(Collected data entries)
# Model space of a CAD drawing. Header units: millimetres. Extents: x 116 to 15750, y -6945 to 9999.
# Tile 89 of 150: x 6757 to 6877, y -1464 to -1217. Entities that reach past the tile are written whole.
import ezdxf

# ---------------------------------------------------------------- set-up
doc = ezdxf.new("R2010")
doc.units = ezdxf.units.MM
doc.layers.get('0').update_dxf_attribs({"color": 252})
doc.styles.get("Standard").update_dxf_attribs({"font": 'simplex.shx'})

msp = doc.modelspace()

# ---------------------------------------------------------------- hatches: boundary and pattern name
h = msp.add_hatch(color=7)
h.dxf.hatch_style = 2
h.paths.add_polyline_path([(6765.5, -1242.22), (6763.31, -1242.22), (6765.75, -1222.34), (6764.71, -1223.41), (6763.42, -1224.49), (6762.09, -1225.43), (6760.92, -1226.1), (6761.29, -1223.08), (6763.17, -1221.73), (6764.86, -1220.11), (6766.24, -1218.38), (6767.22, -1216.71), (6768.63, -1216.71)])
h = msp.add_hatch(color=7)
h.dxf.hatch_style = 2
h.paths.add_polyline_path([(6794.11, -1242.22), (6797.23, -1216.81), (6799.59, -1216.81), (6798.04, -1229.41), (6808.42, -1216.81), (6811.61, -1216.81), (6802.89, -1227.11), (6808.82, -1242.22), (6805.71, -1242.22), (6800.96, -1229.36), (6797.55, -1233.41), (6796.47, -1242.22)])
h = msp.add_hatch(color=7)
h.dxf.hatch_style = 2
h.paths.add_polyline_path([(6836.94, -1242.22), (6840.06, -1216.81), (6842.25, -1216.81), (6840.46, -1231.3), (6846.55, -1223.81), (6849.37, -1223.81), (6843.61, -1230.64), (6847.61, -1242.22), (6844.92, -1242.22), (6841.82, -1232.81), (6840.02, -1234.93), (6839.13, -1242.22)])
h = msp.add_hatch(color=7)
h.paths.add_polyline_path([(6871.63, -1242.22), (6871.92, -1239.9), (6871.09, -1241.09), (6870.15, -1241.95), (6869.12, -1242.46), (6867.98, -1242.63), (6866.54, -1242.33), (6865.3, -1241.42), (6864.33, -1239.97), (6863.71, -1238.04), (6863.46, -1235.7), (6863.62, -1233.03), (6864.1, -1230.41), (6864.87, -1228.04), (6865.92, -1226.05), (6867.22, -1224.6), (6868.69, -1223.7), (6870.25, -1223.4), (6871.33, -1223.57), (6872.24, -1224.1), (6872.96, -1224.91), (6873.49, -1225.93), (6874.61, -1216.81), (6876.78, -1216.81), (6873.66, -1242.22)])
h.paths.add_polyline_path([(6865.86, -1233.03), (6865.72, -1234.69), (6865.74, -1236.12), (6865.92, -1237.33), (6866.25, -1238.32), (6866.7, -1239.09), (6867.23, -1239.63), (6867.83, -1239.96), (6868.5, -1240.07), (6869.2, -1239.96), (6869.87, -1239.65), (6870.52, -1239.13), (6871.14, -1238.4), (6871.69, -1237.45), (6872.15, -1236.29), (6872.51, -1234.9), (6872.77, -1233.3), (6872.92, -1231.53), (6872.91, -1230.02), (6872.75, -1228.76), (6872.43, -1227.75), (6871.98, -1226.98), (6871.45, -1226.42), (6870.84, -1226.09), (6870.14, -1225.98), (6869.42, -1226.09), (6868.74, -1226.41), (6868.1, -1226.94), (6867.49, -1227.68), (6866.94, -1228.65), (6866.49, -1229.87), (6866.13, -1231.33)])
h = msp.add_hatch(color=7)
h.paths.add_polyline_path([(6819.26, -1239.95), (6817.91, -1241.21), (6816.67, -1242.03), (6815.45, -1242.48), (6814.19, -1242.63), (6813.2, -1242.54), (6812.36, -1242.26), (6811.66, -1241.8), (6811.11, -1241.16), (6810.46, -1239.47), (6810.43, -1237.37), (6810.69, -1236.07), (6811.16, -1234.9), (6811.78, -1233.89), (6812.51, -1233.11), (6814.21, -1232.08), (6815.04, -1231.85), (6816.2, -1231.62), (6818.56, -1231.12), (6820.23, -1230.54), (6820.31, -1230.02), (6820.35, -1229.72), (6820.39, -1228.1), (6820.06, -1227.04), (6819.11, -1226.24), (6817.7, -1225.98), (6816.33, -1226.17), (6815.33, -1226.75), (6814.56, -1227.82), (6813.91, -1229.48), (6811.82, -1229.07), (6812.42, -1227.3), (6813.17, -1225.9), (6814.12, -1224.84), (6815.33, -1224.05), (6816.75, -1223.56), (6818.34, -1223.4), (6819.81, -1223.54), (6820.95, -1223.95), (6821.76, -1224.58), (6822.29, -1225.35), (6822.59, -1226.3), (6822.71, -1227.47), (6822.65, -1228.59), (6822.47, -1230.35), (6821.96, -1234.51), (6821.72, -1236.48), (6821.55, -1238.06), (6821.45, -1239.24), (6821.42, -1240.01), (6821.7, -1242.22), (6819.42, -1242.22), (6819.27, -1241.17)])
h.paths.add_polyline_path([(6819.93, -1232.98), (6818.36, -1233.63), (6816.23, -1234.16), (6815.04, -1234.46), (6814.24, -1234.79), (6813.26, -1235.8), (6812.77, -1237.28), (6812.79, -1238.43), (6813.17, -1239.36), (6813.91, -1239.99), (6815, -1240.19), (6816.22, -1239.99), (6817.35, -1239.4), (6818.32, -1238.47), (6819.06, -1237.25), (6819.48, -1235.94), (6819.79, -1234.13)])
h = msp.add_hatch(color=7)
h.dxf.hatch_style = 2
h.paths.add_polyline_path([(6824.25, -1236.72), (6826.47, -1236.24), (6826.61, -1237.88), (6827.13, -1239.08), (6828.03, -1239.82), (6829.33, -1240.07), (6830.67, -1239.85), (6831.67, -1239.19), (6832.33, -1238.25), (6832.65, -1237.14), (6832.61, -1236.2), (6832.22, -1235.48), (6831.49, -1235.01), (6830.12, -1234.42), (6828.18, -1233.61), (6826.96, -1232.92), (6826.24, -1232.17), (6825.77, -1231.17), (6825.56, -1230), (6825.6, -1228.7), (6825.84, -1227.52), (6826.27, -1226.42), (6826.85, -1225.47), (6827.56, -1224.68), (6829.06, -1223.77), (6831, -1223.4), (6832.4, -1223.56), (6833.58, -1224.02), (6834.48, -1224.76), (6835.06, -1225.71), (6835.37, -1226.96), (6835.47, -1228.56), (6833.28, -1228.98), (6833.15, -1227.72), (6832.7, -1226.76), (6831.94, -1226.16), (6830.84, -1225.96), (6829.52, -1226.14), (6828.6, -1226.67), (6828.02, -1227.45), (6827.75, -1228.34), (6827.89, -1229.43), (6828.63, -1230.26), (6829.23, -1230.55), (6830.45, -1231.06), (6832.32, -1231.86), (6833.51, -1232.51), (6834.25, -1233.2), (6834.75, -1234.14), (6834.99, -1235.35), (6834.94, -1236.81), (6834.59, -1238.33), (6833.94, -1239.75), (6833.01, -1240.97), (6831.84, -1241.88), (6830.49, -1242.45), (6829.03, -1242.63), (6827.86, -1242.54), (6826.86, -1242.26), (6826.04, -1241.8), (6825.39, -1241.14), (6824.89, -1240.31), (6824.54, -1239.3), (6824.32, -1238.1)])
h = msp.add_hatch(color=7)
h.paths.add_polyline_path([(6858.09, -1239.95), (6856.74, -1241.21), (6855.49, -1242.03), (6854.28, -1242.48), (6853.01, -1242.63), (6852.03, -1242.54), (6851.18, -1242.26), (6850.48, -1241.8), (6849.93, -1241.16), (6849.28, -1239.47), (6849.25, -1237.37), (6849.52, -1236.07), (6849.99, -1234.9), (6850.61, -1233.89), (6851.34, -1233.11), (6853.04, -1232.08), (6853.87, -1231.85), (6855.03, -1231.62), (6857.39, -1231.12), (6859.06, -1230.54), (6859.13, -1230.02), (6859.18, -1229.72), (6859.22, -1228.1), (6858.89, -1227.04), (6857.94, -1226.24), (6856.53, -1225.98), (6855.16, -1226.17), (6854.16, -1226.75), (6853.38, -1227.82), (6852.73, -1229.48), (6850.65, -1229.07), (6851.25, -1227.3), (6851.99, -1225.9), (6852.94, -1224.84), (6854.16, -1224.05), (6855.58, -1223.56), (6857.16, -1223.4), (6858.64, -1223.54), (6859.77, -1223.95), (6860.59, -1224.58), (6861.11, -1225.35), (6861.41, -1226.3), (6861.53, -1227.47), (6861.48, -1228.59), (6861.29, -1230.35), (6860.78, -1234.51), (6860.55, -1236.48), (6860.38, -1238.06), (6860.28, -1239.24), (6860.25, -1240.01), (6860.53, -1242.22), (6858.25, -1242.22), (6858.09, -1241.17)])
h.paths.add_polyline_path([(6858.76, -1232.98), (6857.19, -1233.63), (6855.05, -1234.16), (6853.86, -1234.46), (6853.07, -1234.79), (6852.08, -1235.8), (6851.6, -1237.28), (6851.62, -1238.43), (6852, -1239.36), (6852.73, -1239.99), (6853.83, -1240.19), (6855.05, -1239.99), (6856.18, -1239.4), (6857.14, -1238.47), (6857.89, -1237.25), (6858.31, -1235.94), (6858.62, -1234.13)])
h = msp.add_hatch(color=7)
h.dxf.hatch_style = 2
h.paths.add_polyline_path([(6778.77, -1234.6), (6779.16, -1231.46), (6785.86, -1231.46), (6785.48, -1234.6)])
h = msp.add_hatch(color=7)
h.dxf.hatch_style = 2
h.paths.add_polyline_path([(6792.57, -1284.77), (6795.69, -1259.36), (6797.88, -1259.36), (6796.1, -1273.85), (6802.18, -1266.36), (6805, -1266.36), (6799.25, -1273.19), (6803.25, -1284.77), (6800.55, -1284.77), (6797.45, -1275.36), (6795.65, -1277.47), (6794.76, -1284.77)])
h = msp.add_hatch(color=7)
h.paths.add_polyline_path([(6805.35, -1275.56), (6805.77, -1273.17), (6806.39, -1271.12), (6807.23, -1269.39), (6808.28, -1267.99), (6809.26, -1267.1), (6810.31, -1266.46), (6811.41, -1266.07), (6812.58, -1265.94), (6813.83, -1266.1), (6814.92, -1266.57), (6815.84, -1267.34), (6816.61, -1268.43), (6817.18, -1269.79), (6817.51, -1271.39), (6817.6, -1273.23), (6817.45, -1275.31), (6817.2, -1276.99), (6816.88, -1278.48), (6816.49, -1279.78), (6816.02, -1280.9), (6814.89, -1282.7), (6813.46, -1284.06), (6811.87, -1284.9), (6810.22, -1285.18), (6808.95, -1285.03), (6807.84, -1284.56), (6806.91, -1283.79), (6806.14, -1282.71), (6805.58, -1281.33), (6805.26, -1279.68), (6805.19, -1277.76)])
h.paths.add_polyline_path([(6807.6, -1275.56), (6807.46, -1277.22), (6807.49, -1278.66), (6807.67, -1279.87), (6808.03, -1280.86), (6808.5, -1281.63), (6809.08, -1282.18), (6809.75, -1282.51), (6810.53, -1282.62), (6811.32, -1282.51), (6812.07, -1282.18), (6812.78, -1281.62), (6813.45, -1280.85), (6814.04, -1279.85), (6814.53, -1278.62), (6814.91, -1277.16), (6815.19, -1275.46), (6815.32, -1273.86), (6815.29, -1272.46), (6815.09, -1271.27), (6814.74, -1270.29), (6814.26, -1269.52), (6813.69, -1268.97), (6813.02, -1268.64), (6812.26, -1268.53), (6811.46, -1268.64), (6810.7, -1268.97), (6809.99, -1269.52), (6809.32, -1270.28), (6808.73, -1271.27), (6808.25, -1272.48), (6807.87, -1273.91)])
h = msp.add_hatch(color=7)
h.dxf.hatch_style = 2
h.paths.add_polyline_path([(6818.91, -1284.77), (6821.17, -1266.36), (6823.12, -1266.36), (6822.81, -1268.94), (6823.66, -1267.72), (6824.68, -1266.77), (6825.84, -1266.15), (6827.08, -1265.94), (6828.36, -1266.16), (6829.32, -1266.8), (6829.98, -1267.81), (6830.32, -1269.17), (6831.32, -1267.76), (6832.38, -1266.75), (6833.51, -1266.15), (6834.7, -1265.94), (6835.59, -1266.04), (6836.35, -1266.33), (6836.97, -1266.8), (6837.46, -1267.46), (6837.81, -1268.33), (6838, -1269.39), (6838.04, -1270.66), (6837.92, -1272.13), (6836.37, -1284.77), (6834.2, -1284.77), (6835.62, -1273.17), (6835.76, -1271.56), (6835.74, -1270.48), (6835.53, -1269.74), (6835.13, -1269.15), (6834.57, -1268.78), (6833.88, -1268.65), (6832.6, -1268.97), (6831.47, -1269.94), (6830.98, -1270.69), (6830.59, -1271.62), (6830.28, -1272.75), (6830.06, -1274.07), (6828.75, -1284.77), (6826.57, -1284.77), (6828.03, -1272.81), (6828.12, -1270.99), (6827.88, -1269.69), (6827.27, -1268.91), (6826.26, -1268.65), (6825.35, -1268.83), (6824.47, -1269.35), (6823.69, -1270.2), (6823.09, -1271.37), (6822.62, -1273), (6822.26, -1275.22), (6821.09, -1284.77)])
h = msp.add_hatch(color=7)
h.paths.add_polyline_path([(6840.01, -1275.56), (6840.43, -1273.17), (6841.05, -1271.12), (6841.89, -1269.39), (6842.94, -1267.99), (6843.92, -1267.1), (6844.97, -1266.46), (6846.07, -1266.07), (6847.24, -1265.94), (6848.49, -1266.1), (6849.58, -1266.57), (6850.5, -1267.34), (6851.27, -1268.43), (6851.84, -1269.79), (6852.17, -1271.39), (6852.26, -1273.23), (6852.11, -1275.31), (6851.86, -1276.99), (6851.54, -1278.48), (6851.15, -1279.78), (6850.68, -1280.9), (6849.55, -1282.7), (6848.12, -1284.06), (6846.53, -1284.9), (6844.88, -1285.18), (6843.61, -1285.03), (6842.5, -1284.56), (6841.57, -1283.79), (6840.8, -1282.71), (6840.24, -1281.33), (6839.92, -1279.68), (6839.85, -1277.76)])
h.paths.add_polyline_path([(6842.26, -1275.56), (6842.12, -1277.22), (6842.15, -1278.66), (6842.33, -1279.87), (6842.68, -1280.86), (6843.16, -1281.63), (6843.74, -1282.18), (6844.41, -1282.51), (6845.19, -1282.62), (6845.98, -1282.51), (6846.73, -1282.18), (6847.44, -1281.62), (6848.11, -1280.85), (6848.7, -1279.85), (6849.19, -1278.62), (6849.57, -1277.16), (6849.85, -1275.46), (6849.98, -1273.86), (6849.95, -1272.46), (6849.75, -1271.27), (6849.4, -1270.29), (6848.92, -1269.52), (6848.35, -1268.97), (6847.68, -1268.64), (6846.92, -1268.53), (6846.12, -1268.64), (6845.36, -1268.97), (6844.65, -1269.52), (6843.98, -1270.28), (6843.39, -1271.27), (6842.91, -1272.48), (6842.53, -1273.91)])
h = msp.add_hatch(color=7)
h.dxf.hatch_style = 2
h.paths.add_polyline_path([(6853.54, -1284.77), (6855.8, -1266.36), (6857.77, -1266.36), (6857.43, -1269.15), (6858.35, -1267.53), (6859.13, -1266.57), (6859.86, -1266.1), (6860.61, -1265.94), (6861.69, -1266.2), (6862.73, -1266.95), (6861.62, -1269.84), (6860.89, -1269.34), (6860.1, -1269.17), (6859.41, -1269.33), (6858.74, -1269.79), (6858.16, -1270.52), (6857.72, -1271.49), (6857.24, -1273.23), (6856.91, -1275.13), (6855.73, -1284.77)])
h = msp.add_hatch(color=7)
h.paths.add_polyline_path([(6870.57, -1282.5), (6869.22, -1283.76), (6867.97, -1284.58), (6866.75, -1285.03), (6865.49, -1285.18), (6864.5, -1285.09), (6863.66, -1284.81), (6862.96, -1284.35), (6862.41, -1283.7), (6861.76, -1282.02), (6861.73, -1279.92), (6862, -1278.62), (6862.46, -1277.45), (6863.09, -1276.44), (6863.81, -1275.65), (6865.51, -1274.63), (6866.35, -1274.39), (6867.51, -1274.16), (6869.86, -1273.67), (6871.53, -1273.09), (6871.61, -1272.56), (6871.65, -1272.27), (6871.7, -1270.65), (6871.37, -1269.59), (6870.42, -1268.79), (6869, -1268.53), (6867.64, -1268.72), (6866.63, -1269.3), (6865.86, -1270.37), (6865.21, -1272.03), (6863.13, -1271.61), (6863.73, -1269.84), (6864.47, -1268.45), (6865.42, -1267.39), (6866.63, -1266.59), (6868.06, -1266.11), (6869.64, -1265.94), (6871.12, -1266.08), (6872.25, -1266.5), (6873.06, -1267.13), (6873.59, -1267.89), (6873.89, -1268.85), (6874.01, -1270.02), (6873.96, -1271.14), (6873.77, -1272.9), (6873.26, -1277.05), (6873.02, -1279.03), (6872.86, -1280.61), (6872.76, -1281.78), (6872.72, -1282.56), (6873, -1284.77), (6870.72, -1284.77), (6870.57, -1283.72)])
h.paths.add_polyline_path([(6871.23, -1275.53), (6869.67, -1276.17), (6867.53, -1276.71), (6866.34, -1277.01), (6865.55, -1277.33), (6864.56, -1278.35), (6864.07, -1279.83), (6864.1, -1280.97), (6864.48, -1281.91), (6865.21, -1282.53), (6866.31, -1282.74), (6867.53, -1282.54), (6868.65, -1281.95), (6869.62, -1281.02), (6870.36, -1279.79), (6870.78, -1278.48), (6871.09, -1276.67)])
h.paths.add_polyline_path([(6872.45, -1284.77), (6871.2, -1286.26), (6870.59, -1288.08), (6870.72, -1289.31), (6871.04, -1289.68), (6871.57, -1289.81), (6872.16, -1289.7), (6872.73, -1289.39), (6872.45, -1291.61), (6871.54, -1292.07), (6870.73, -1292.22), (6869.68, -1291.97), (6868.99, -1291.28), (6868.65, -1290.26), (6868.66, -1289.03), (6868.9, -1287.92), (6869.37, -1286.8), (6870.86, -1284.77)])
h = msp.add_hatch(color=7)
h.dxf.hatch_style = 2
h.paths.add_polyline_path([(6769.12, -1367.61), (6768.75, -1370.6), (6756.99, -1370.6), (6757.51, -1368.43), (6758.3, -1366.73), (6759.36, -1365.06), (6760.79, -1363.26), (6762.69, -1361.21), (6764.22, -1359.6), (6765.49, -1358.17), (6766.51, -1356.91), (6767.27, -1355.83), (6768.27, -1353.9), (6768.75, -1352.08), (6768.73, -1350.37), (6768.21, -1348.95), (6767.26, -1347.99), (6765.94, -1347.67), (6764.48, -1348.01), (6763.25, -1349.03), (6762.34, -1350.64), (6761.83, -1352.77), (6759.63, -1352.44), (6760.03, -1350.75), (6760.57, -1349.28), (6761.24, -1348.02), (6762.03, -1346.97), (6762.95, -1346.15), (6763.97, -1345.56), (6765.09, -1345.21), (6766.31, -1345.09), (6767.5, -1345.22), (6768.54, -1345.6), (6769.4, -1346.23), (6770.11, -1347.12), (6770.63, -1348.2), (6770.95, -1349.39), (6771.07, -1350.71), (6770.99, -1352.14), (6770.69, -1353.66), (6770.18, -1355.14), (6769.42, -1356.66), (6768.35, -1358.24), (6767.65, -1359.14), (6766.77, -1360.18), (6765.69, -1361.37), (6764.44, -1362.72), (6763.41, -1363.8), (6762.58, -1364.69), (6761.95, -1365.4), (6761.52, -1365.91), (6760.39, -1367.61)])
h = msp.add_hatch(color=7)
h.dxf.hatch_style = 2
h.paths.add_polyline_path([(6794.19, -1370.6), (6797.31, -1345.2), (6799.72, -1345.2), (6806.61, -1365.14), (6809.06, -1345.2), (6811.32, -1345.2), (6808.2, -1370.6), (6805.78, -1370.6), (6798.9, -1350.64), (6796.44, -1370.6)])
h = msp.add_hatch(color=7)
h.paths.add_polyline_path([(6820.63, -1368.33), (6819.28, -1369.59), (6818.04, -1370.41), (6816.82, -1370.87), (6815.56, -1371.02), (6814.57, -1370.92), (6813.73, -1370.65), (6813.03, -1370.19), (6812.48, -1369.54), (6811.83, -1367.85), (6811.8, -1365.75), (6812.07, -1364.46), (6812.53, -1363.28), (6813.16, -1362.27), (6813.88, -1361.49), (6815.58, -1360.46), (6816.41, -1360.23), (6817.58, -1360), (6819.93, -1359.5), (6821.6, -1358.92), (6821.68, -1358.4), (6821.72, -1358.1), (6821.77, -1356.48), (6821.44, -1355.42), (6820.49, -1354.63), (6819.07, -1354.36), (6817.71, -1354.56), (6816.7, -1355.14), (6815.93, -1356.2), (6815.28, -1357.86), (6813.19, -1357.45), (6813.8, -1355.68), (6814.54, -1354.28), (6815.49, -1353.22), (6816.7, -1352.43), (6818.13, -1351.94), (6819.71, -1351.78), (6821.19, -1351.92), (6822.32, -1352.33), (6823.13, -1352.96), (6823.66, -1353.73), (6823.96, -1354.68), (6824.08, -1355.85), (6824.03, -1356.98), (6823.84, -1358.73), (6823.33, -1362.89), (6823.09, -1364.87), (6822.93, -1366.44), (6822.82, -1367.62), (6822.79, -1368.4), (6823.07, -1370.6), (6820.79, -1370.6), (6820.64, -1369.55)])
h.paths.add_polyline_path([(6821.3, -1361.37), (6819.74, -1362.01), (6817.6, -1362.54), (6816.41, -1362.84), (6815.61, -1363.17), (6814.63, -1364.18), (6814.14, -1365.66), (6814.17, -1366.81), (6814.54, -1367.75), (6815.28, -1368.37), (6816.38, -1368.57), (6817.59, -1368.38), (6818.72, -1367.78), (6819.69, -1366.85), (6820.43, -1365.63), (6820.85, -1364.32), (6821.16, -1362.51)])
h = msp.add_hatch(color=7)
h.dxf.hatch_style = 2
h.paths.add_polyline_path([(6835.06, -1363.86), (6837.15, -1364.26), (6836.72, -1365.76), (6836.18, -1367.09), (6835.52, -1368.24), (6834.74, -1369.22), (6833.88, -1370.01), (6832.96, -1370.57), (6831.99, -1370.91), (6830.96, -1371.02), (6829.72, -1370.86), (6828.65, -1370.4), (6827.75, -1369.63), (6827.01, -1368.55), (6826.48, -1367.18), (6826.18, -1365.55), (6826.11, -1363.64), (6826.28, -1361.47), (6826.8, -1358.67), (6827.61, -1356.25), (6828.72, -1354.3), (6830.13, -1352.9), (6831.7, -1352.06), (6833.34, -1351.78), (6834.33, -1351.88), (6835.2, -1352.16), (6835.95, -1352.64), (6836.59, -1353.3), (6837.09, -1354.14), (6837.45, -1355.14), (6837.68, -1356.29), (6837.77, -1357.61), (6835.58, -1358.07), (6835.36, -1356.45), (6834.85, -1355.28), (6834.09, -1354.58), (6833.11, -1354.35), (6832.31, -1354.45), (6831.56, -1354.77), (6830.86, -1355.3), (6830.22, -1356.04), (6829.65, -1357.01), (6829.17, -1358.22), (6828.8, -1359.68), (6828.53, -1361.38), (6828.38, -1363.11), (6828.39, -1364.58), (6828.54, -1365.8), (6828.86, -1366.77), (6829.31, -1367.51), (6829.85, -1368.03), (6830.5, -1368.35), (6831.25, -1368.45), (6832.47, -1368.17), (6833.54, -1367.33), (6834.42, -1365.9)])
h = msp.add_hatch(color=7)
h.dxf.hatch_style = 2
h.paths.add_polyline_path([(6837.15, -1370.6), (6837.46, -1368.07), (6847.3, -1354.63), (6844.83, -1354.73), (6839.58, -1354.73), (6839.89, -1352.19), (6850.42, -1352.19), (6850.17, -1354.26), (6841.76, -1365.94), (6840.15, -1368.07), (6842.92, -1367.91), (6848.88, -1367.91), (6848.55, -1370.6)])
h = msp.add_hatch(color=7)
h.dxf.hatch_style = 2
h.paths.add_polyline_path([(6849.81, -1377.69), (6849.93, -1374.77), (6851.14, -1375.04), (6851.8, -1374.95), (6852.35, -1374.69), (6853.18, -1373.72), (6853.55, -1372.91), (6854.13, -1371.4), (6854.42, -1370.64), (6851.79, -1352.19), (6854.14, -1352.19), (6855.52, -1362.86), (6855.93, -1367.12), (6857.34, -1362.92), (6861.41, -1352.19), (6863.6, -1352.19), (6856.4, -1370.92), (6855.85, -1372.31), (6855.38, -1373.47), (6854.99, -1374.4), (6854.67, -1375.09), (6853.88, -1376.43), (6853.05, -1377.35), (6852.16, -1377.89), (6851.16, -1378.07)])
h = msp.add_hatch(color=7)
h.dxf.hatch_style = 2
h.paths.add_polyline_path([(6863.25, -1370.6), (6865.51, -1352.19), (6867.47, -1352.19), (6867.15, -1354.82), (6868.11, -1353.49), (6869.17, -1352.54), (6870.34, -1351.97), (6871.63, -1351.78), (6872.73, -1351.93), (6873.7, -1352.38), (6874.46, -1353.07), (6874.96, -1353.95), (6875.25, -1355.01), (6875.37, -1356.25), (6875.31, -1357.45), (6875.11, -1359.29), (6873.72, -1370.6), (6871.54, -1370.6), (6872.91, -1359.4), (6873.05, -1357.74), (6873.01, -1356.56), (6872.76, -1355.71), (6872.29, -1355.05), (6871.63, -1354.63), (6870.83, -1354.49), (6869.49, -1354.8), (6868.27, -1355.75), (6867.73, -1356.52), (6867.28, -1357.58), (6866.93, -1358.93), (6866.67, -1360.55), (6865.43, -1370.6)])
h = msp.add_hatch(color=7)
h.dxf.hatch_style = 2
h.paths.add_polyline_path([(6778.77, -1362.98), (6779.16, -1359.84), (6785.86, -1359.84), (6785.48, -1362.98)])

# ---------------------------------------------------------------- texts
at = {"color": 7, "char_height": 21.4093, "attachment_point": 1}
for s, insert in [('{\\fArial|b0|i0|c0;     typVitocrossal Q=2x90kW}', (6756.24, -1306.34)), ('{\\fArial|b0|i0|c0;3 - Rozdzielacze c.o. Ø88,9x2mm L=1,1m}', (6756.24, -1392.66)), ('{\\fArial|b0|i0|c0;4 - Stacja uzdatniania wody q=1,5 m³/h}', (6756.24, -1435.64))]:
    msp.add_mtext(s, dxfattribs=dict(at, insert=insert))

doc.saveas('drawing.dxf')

The problem -> For each line above that includes "units", make a copy.

Solution ->
# Model space of a CAD drawing. Header units: millimetres. Extents: x 116 to 15750, y -6945 to 9999.
doc.units = ezdxf.units.MM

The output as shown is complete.